Si riapre la partita sul punto nascita D’Alfonso ci ripensa

Ranalli: il presidente della Regione pronto a rivedere gli atti L’annuncio nell’incontro a Pescara con il ministro Delrio
SULMONA. Si riapre la partita del punto nascita. Il presidente-commissario Luciano D’Alfonso ha fatto sapere al sindaco di Sulmona, Peppino Ranalli, di essere pronto a rivedere gli atti che lo hanno portato a firmare a febbraio il decreto 10 sulla chiusura. L’annuncio è arrivato nell’incontro a Pescara col ministro dei Trasporti Graziano Delrio. Se ne parlerà in una riunione allargata della giunta regionale che si terrà all’Abbazia celestiniana il 21 maggio, aperta anche ai sindaci del territorio, al neo presidente della Provincia Antonio De Crescentiis, al vescovo Angelo Spina e ad altri.

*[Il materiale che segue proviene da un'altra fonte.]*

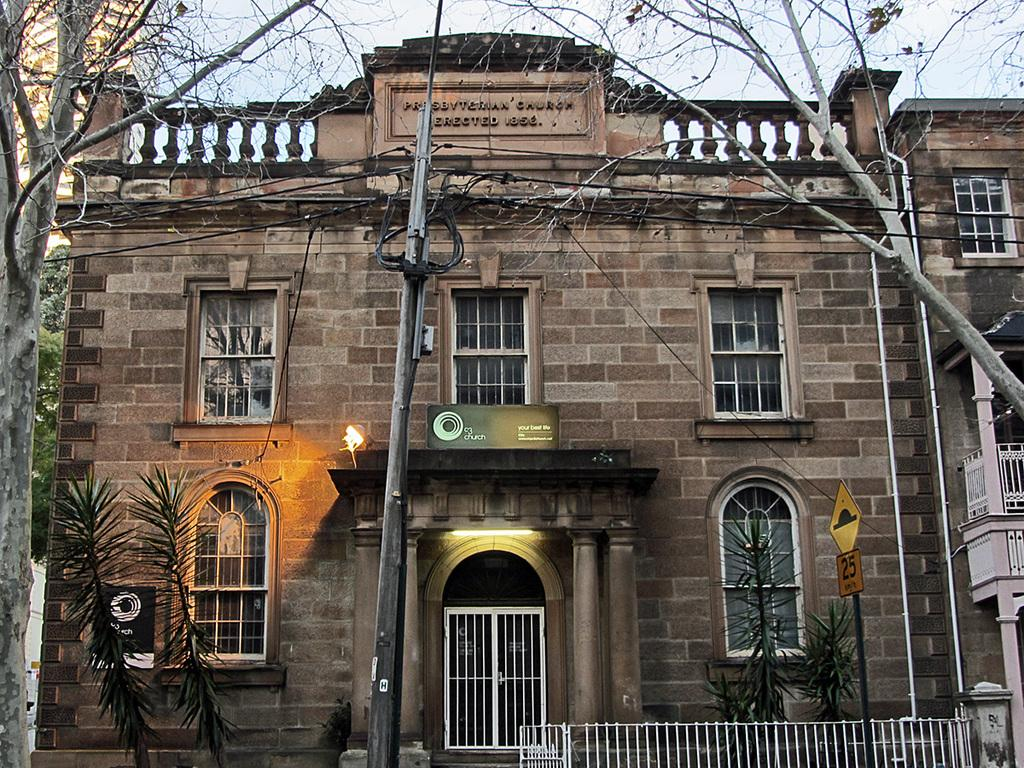What type of structure is visible in the image? There is a building in the image. What can be seen in front of the building? Trees, plants, a utility pole, a railing, and a pole with sign boards are visible in front of the building. What is visible in the background of the image? The sky is visible in the background of the image. What type of respect can be seen on the building in the image? There is no indication of respect on the building in the image; it is simply a structure with various objects in front of it.

Ottimista il sindaco sulmonese, che parla di avvio dell’operazione verità sulla Maternità sulmonese. «Sono da sempre stato convinto della necessità di perseguire la strada istituzionale», ricorda Ranalli, «per questo, nell’incontro a Pescara ho potuto parlare col presidente D’Alfonso, che mi ha detto di essere pronto a rivedere gli atti che lo hanno portato alla firma della chiusura del nostro punto nascita. Si tratta di dichiarazioni molto importanti, che inaugurano una nuova fase in questa delicata vicenda».

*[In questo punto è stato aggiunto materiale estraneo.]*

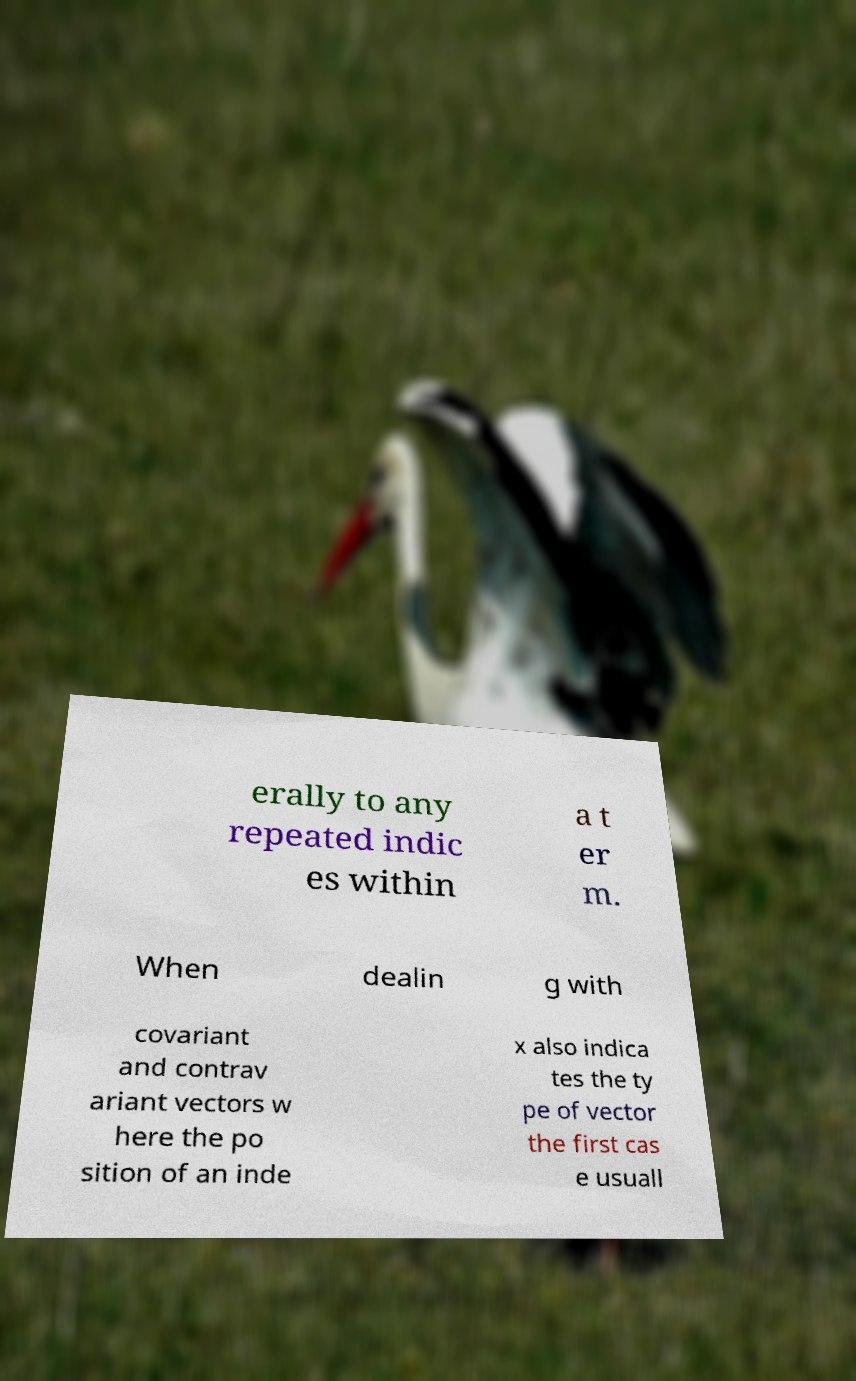Can you accurately transcribe the text from the provided image for me? erally to any repeated indic es within a t er m. When dealin g with covariant and contrav ariant vectors w here the po sition of an inde x also indica tes the ty pe of vector the first cas e usuall 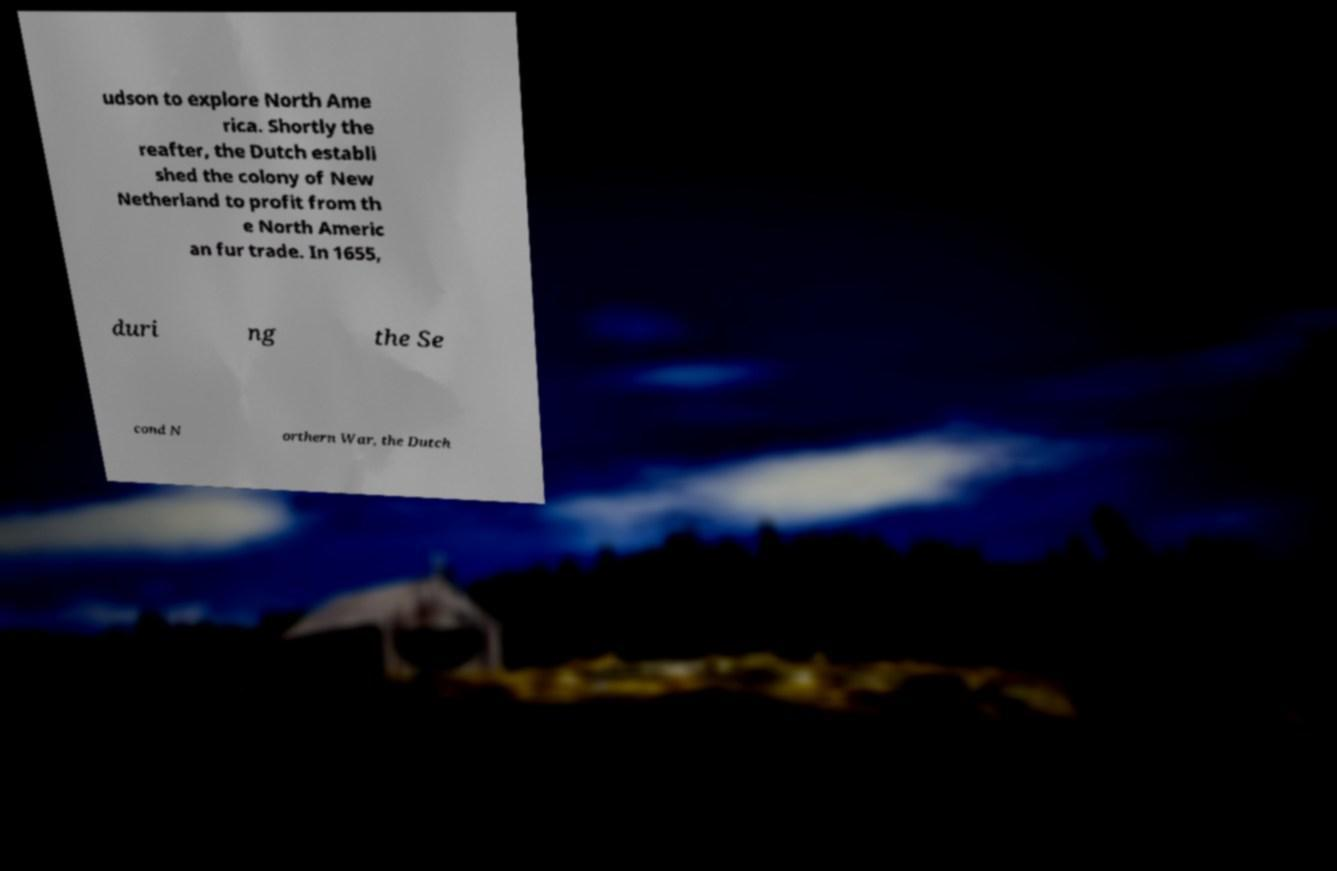Could you extract and type out the text from this image? udson to explore North Ame rica. Shortly the reafter, the Dutch establi shed the colony of New Netherland to profit from th e North Americ an fur trade. In 1655, duri ng the Se cond N orthern War, the Dutch

La lotta in difesa del reparto, dunque, arriva all’ultimo decisivo giro di boa. «Il presidente mi ha detto che il 21 maggio prossimo riunirà la giunta regionale in città», aggiunge Ranalli, «a cui parteciperanno anche i sindaci del territorio, il neo presidente della Provincia Antonio De Crescentiis e il vescovo Angelo Spina. Io ho da sempre creduto nella strada istituzionale e ora questa apertura a rivedere gli atti che hanno portato alla firma del decreto 10 del febbraio scorso apre uno spiraglio decisivo per il futuro del reparto. Ho continuato ad interessare D’Alfonso della questione e a scrivere lettere, come l’ultima inviata all’Agenas. Proprio l’Agenzia nazionale per i servizi sanitari regionali con le sue prescrizioni impone una postazione di elisoccorso H24 che noi crediamo sia molto più costosa della messa in sicurezza del reparto esistente, nonché in controtendenza rispetto ai lavori sul nuovo ospedale e sul blocco parto che è nel progetto. A questo punto inauguriamo l’operazione verità sul punto nascita e il 21 ci aspettiamo risposte certe sui tempi di percorrenza e sulla sicurezza mamma-neonato soprattutto in inverno e con meteo sfavorevole. Variabili che proprio l’Agenas continua a sottovalutare». Anche il presidio civico territoriale continua la sua battaglia in difesa del reparto, dopo aver manifestato a Pescara durante l'incontro con Del Rio e dopo aver scritto al prefetto e al questore per rassicurarli sulla corretta occupazione dell’aula consiliare, a quasi un mese e mezzo dall’avvio della protesta. «Assicuriamo che non sarà impedito lo svolgimento di nessuna attività all’interno dell’aula consiliare, ivi compreso l’annunciato consiglio del 19 o 20 maggio sul rendiconto di gestione, ma noi non ci arrendiamo», fanno sapere i consiglieri comunali Luigi La Civita, Alessandro Lucci e Antony Leone, assieme ad Alberto Di Giandomenico, Mauro Tirabassi, Davide Silvestri, Daniela Frittella e Gabriella Di Girolamo.